- TASK STATEMENT -
Please write out exactly the lines from the opening of the listing through the line that holds "Could you give", including both, and nothing else; no pictures.

### RECORDED INFORMATION

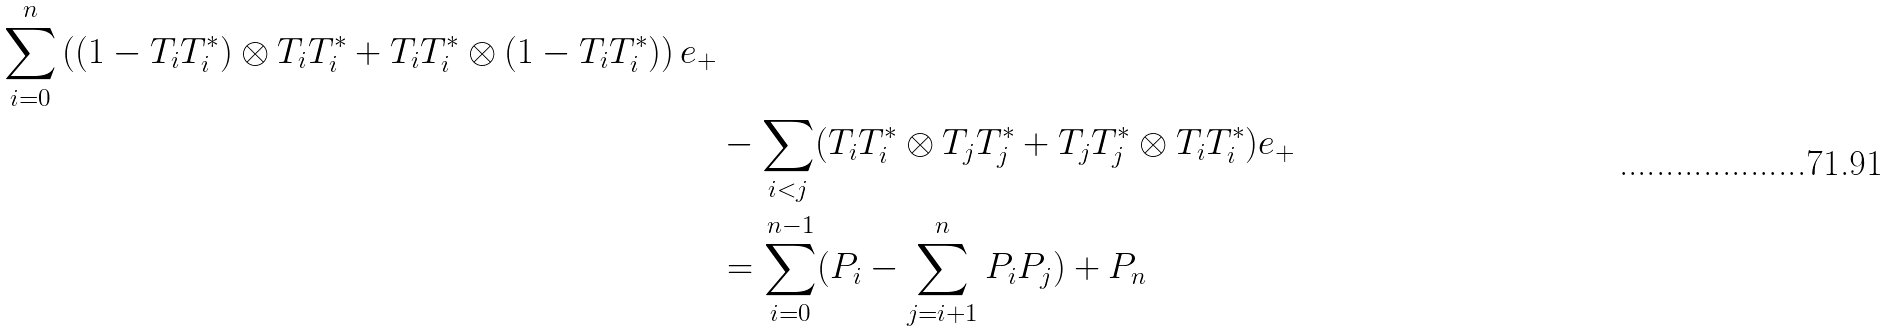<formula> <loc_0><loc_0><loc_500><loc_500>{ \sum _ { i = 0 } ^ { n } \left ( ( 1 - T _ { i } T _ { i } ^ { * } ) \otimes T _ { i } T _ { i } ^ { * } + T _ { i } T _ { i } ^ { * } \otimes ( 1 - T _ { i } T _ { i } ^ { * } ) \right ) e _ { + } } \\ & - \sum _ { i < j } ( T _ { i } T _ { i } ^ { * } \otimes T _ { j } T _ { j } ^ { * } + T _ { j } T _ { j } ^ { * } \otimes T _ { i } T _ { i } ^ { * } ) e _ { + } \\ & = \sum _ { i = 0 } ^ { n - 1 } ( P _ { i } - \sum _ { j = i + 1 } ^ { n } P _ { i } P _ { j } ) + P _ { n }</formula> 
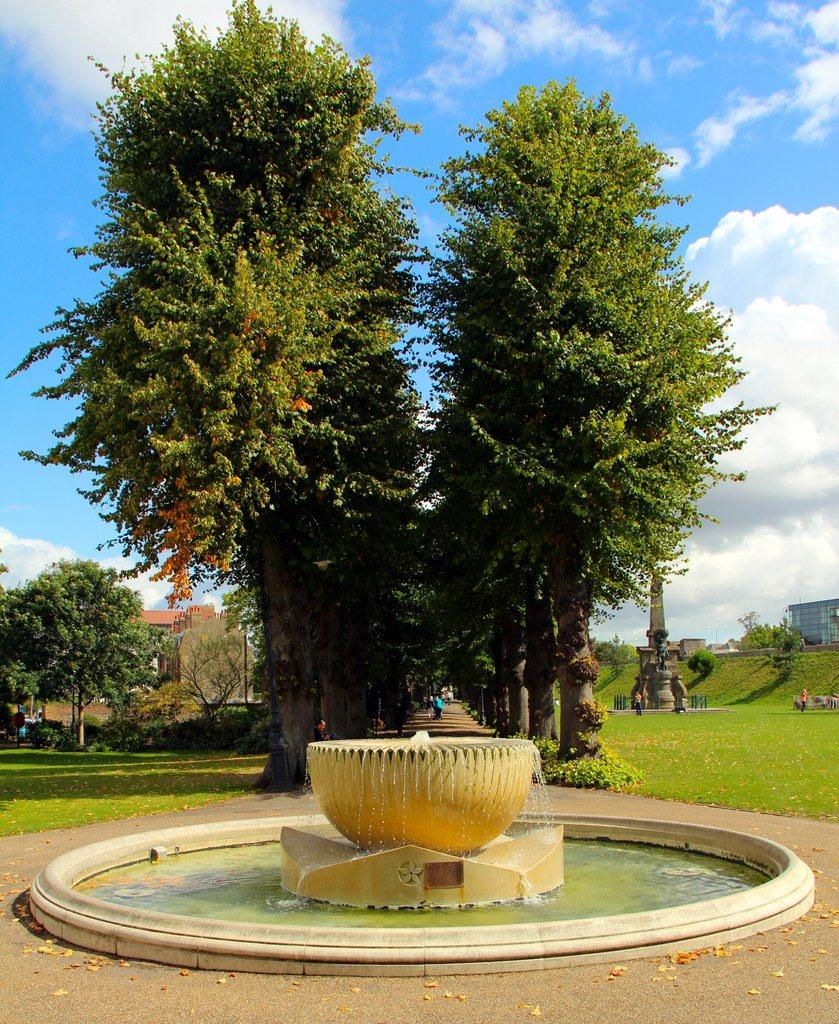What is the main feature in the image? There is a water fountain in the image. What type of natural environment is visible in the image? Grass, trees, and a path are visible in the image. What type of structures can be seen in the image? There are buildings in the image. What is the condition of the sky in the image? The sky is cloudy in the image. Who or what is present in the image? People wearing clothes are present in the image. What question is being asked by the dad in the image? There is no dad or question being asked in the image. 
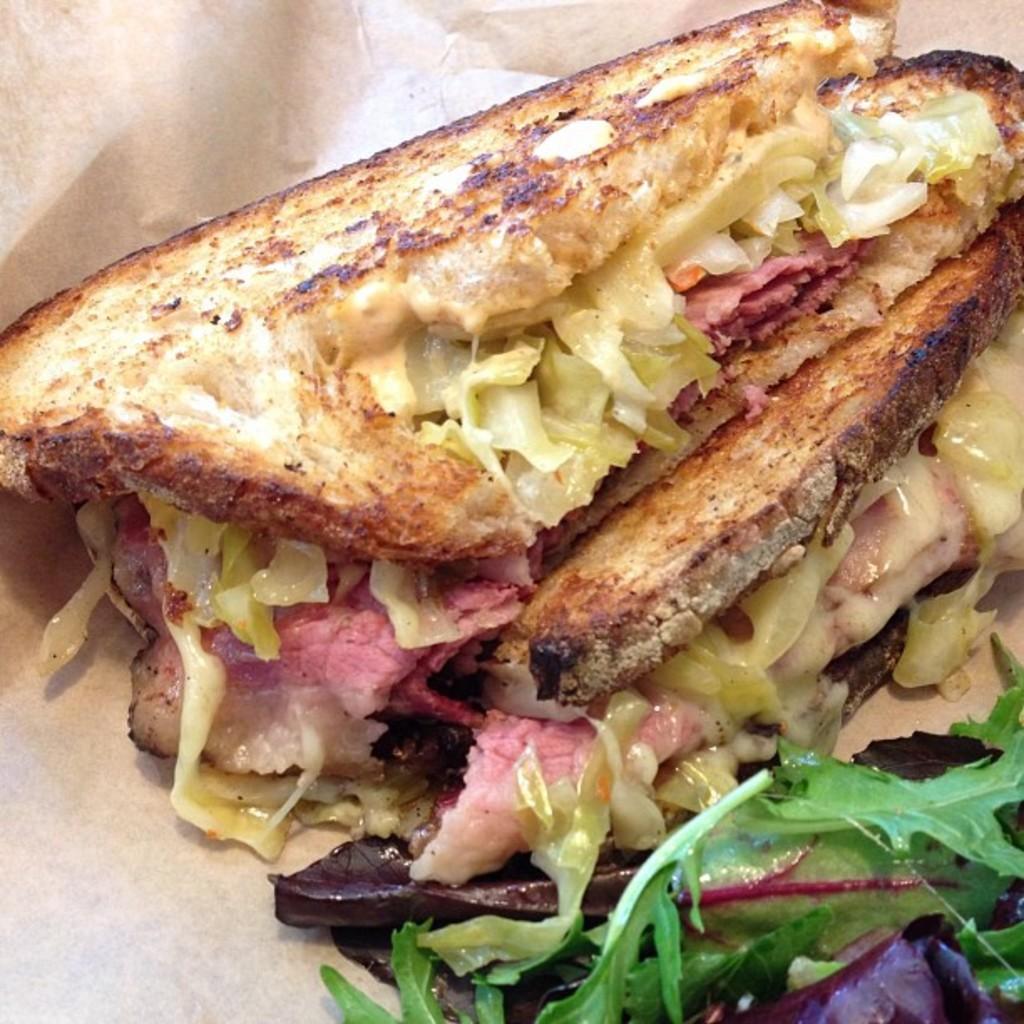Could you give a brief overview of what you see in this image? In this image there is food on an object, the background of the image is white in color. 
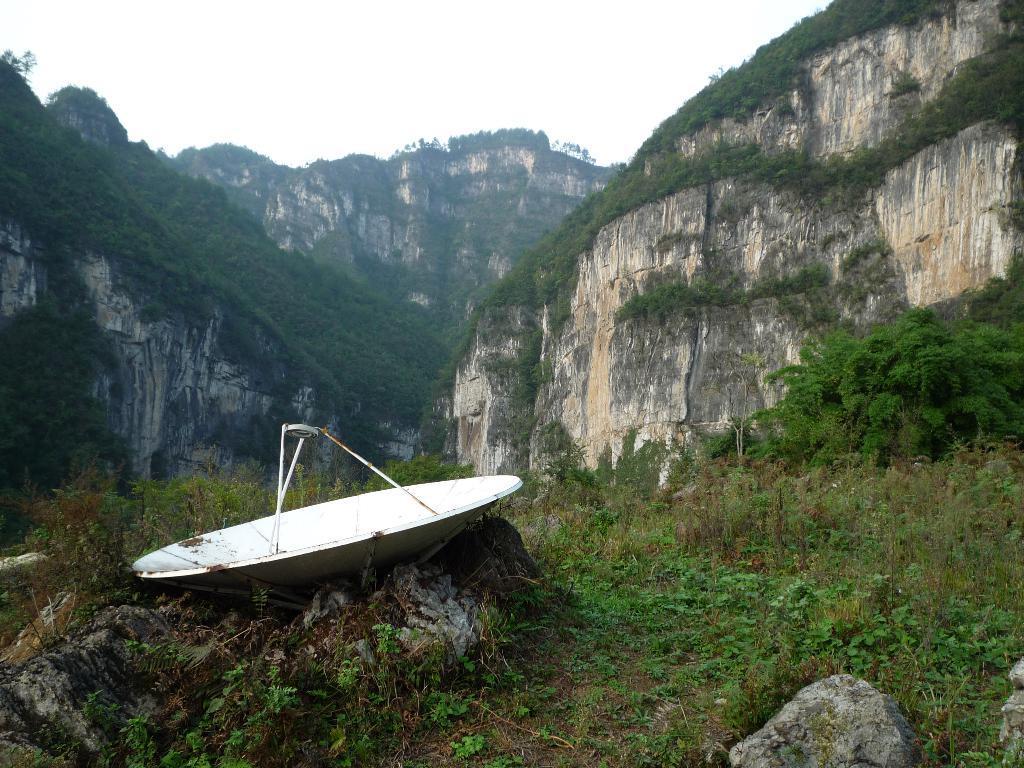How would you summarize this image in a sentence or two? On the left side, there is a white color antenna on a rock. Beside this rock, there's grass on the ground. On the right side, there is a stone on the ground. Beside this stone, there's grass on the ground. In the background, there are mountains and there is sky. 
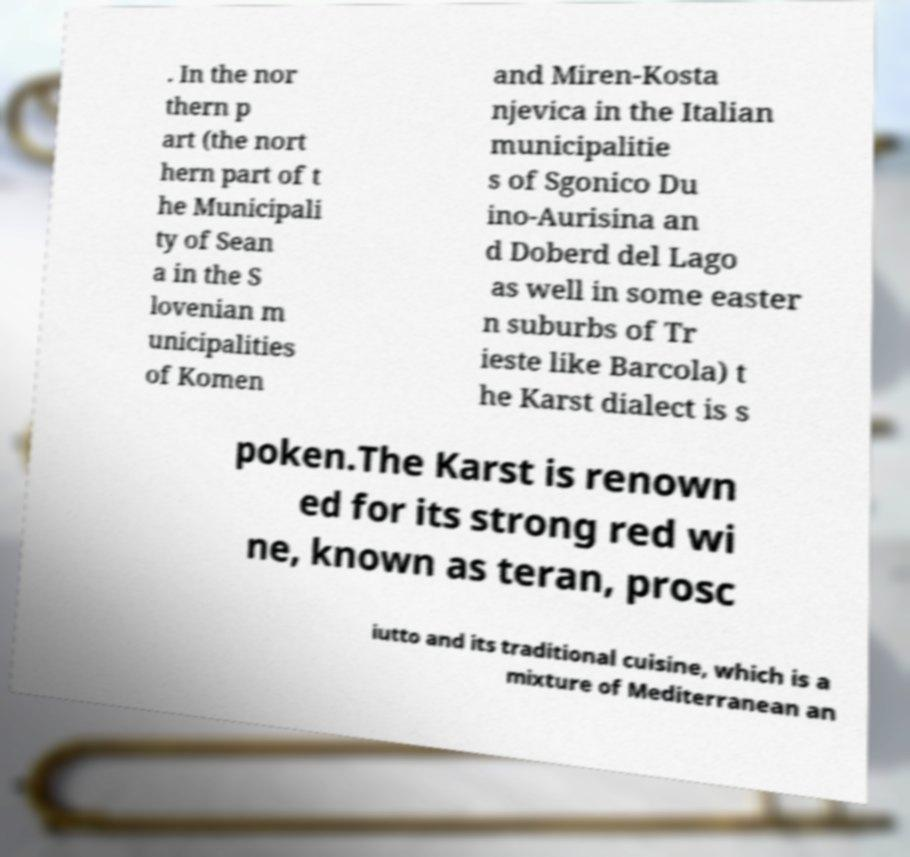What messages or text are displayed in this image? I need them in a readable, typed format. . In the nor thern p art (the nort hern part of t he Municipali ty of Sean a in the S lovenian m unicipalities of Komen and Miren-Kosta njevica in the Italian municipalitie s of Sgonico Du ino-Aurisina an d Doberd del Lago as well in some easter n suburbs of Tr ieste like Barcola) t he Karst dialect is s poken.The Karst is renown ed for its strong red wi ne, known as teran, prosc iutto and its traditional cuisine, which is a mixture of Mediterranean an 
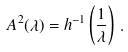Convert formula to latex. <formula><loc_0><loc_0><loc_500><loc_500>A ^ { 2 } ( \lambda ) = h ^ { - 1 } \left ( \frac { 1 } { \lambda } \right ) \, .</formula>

######

- ANSWER TO THIS PROBLEM -
<formula> <loc_0><loc_0><loc_500><loc_500>{ \sum _ { i = 0 } ^ { n } \left ( ( 1 - T _ { i } T _ { i } ^ { * } ) \otimes T _ { i } T _ { i } ^ { * } + T _ { i } T _ { i } ^ { * } \otimes ( 1 - T _ { i } T _ { i } ^ { * } ) \right ) e _ { + } } \\ & - \sum _ { i < j } ( T _ { i } T _ { i } ^ { * } \otimes T _ { j } T _ { j } ^ { * } + T _ { j } T _ { j } ^ { * } \otimes T _ { i } T _ { i } ^ { * } ) e _ { + } \\ & = \sum _ { i = 0 } ^ { n - 1 } ( P _ { i } - \sum _ { j = i + 1 } ^ { n } P _ { i } P _ { j } ) + P _ { n }</formula> 
What is the main feature in the image? There is a water fountain in the image. What type of natural environment is visible in the image? Grass, trees, and a path are visible in the image. What type of structures can be seen in the image? There are buildings in the image. What is the condition of the sky in the image? The sky is cloudy in the image. Who or what is present in the image? People wearing clothes are present in the image. What question is being asked by the dad in the image? There is no dad or question being asked in the image. 
Could you give a brief overview of what you see in this image? In this image there is food on an object, the background of the image is white in color. 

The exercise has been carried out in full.